PROVIDED MATERIAL>
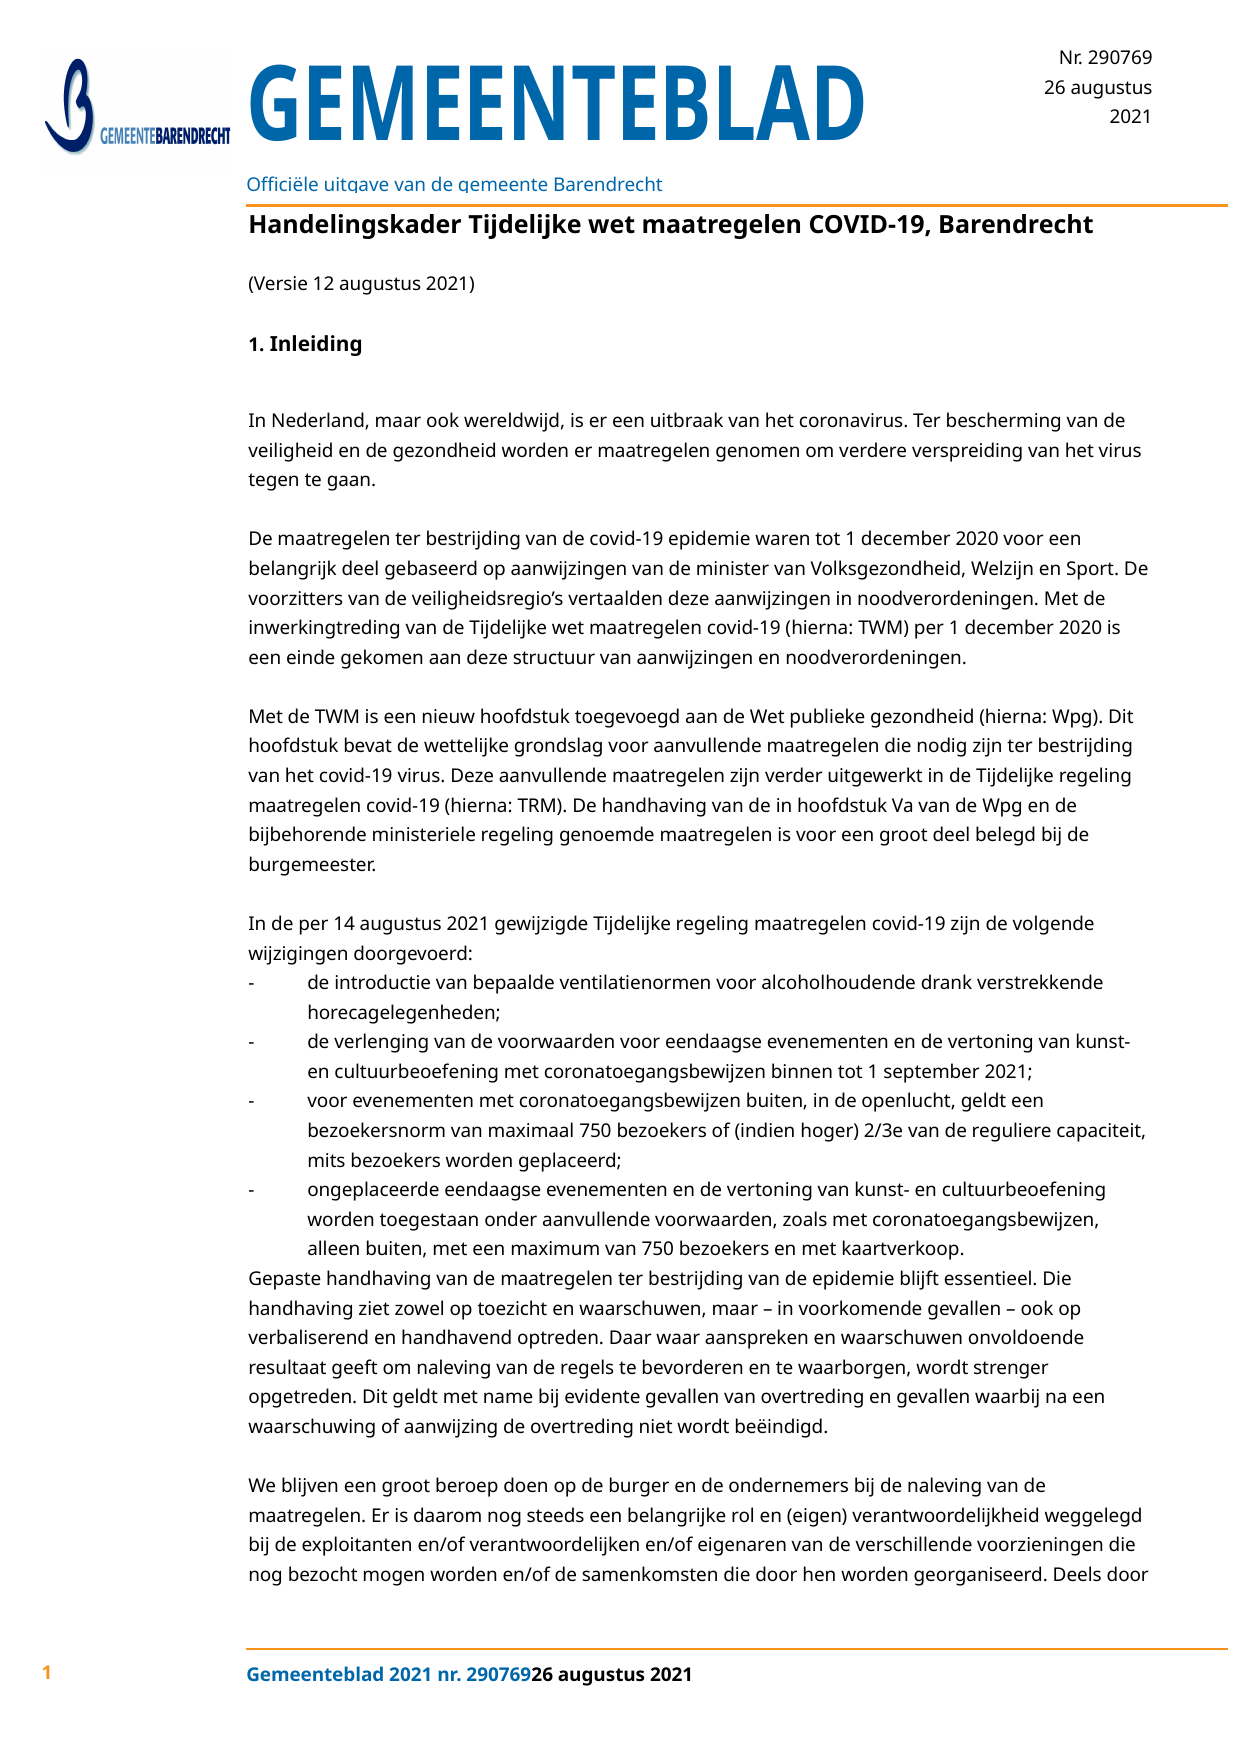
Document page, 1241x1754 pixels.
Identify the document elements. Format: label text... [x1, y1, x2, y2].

text Handelingskader Tijdelijke wet maatregelen COVID-19, Barendrecht [248, 207, 1152, 241]
text In Nederland, maar ook wereldwijd, is er een uitbraak van het coronavirus. Ter bescherming van de veiligheid en de gezondheid worden er maatregelen genomen om verdere verspreiding van het virus tegen te gaan. [248, 407, 1152, 492]
text Met de TWM is een nieuw hoofdstuk toegevoegd aan de Wet publieke gezondheid (hierna: Wpg). Dit hoofdstuk bevat de wettelijke grondslag voor aanvullende maatregelen die nodig zijn ter bestrijding van het covid-19 virus. Deze aanvullende maatregelen zijn verder uitgewerkt in de Tijdelijke regeling maatregelen covid-19 (hierna: TRM). De handhaving van de in hoofdstuk Va van de Wpg en de bijbehorende ministeriele regeling genoemde maatregelen is voor een groot deel belegd bij de burgemeester. [248, 703, 1152, 877]
text (Versie 12 augustus 2021) [248, 270, 1152, 296]
text We blijven een groot beroep doen op de burger en de ondernemers bij de naleving van de maatregelen. Er is daarom nog steeds een belangrijke rol en (eigen) verantwoordelijkheid weggelegd bij de exploitanten en/of verantwoordelijken en/of eigenaren van de verschillende voorzieningen die nog bezocht mogen worden en/of de samenkomsten die door hen worden georganiseerd. Deels door [248, 1472, 1152, 1587]
text De maatregelen ter bestrijding van de covid-19 epidemie waren tot 1 december 2020 voor een belangrijk deel gebaseerd op aanwijzingen van de minister van Volksgezondheid, Welzijn en Sport. De voorzitters van de veiligheidsregio’s vertaalden deze aanwijzingen in noodverordeningen. Met de inwerkingtreding van de Tijdelijke wet maatregelen covid-19 (hierna: TWM) per 1 december 2020 is een einde gekomen aan deze structuur van aanwijzingen en noodverordeningen. [248, 526, 1152, 669]
list de introductie van bepaalde ventilatienormen voor alcoholhoudende drank verstrekkende horecagelegenheden; [248, 969, 1152, 1024]
text In de per 14 augustus 2021 gewijzigde Tijdelijke regeling maatregelen covid-19 zijn de volgende wijzigingen doorgevoerd: [248, 910, 1152, 965]
text Gepaste handhaving van de maatregelen ter bestrijding van de epidemie blijft essentieel. Die handhaving ziet zowel op toezicht en waarschuwen, maar – in voorkomende gevallen – ook op verbaliserend en handhavend optreden. Daar waar aanspreken en waarschuwen onvoldoende resultaat geeft om naleving van de regels te bevorderen en te waarborgen, wordt strenger opgetreden. Dit geldt met name bij evidente gevallen van overtreding en gevallen waarbij na een waarschuwing of aanwijzing de overtreding niet wordt beëindigd. [248, 1265, 1152, 1439]
picture [41, 47, 231, 172]
text 1. Inleiding [248, 329, 1152, 358]
list de verlenging van de voorwaarden voor eendaagse evenementen en de vertoning van kunst- en cultuurbeoefening met coronatoegangsbewijzen binnen tot 1 september 2021; [248, 1028, 1152, 1084]
list ongeplaceerde eendaagse evenementen en de vertoning van kunst- en cultuurbeoefening worden toegestaan onder aanvullende voorwaarden, zoals met coronatoegangsbewijzen, alleen buiten, met een maximum van 750 bezoekers en met kaartverkoop. [248, 1176, 1152, 1261]
list voor evenementen met coronatoegangsbewijzen buiten, in de openlucht, geldt een bezoekersnorm van maximaal 750 bezoekers of (indien hoger) 2/3e van de reguliere capaciteit, mits bezoekers worden geplaceerd; [248, 1088, 1152, 1172]
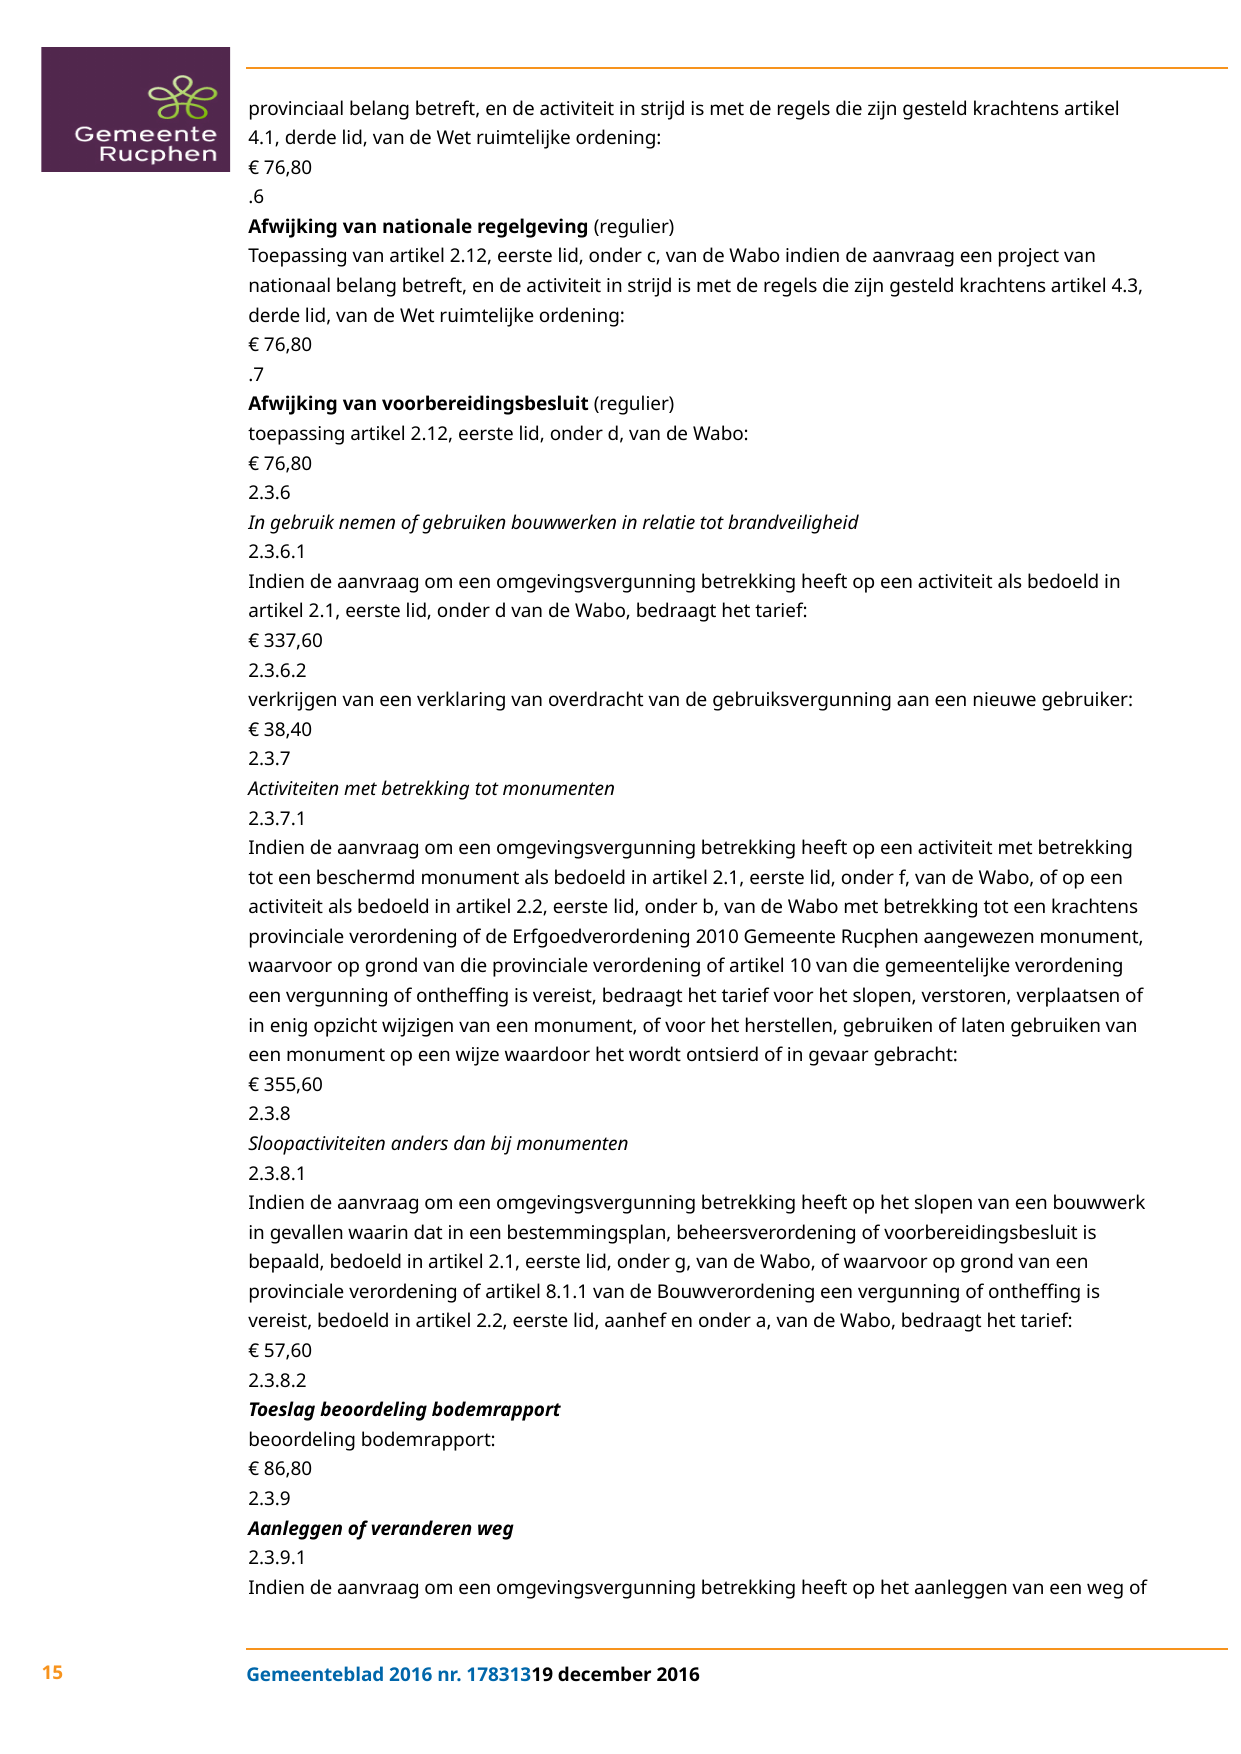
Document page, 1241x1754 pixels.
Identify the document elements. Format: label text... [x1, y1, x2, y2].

text .6 [248, 183, 1152, 209]
text 2.3.8.2 [248, 1367, 1152, 1393]
text In gebruik nemen of gebruiken bouwwerken in relatie tot brandveiligheid [248, 509, 1152, 535]
text 2.3.6.1 [248, 538, 1152, 564]
text Sloopactiviteiten anders dan bij monumenten [248, 1130, 1152, 1156]
text Activiteiten met betrekking tot monumenten [248, 775, 1152, 801]
text € 86,80 [248, 1456, 1152, 1481]
text Toepassing van artikel 2.12, eerste lid, onder c, van de Wabo indien de aanvraag een project van nationaal belang betreft, en de activiteit in strijd is met de regels die zijn gesteld krachtens artikel 4.3, derde lid, van de Wet ruimtelijke ordening: [248, 243, 1152, 328]
text 2.3.7.1 [248, 805, 1152, 831]
text beoordeling bodemrapport: [248, 1426, 1152, 1452]
text Toeslag beoordeling bodemrapport [248, 1396, 1152, 1422]
text Indien de aanvraag om een omgevingsvergunning betrekking heeft op het aanleggen van een weg of [248, 1574, 1152, 1600]
text Afwijking van voorbereidingsbesluit (regulier) [248, 391, 1152, 416]
text 2.3.7 [248, 746, 1152, 771]
text € 76,80 [248, 154, 1152, 180]
text verkrijgen van een verklaring van overdracht van de gebruiksvergunning aan een nieuwe gebruiker: [248, 686, 1152, 712]
text 2.3.9.1 [248, 1544, 1152, 1570]
text € 76,80 [248, 450, 1152, 476]
text € 337,60 [248, 627, 1152, 653]
text 2.3.6 [248, 479, 1152, 505]
text Indien de aanvraag om een omgevingsvergunning betrekking heeft op het slopen van een bouwwerk in gevallen waarin dat in een bestemmingsplan, beheersverordening of voorbereidingsbesluit is bepaald, bedoeld in artikel 2.1, eerste lid, onder g, van de Wabo, of waarvoor op grond van een provinciale verordening of artikel 8.1.1 van de Bouwverordening een vergunning of ontheffing is vereist, bedoeld in artikel 2.2, eerste lid, aanhef en onder a, van de Wabo, bedraagt het tarief: [248, 1189, 1152, 1333]
text Indien de aanvraag om een omgevingsvergunning betrekking heeft op een activiteit met betrekking tot een beschermd monument als bedoeld in artikel 2.1, eerste lid, onder f, van de Wabo, of op een activiteit als bedoeld in artikel 2.2, eerste lid, onder b, van de Wabo met betrekking tot een krachtens provinciale verordening of de Erfgoedverordening 2010 Gemeente Rucphen aangewezen monument, waarvoor op grond van die provinciale verordening of artikel 10 van die gemeentelijke verordening een vergunning of ontheffing is vereist, bedraagt het tarief voor het slopen, verstoren, verplaatsen of in enig opzicht wijzigen van een monument, of voor het herstellen, gebruiken of laten gebruiken van een monument op een wijze waardoor het wordt ontsierd of in gevaar gebracht: [248, 834, 1152, 1067]
text toepassing artikel 2.12, eerste lid, onder d, van de Wabo: [248, 420, 1152, 446]
text 2.3.8.1 [248, 1160, 1152, 1186]
text Aanleggen of veranderen weg [248, 1515, 1152, 1541]
text 2.3.9 [248, 1485, 1152, 1511]
text € 57,60 [248, 1337, 1152, 1363]
text Indien de aanvraag om een omgevingsvergunning betrekking heeft op een activiteit als bedoeld in artikel 2.1, eerste lid, onder d van de Wabo, bedraagt het tarief: [248, 568, 1152, 623]
text 2.3.8 [248, 1101, 1152, 1126]
picture [41, 47, 231, 172]
text 2.3.6.2 [248, 657, 1152, 683]
text provinciaal belang betreft, en de activiteit in strijd is met de regels die zijn gesteld krachtens artikel 4.1, derde lid, van de Wet ruimtelijke ordening: [248, 95, 1152, 150]
text .7 [248, 361, 1152, 387]
text € 355,60 [248, 1071, 1152, 1097]
text € 76,80 [248, 331, 1152, 357]
text € 38,40 [248, 716, 1152, 742]
text Afwijking van nationale regelgeving (regulier) [248, 213, 1152, 239]

WORK TASK> Of the entries above, transcribe exactly those lines that fall between the line containing "text toepassing artikel" and the line containing "text 2.3.8 [248, 1101, 1152, 1126]", together with those two lines.

EXERCISE ANSWER>
text toepassing artikel 2.12, eerste lid, onder d, van de Wabo: [248, 420, 1152, 446]
text 2.3.8.1 [248, 1160, 1152, 1186]
text Aanleggen of veranderen weg [248, 1515, 1152, 1541]
text 2.3.9 [248, 1485, 1152, 1511]
text € 57,60 [248, 1337, 1152, 1363]
text Indien de aanvraag om een omgevingsvergunning betrekking heeft op een activiteit als bedoeld in artikel 2.1, eerste lid, onder d van de Wabo, bedraagt het tarief: [248, 568, 1152, 623]
text 2.3.8 [248, 1101, 1152, 1126]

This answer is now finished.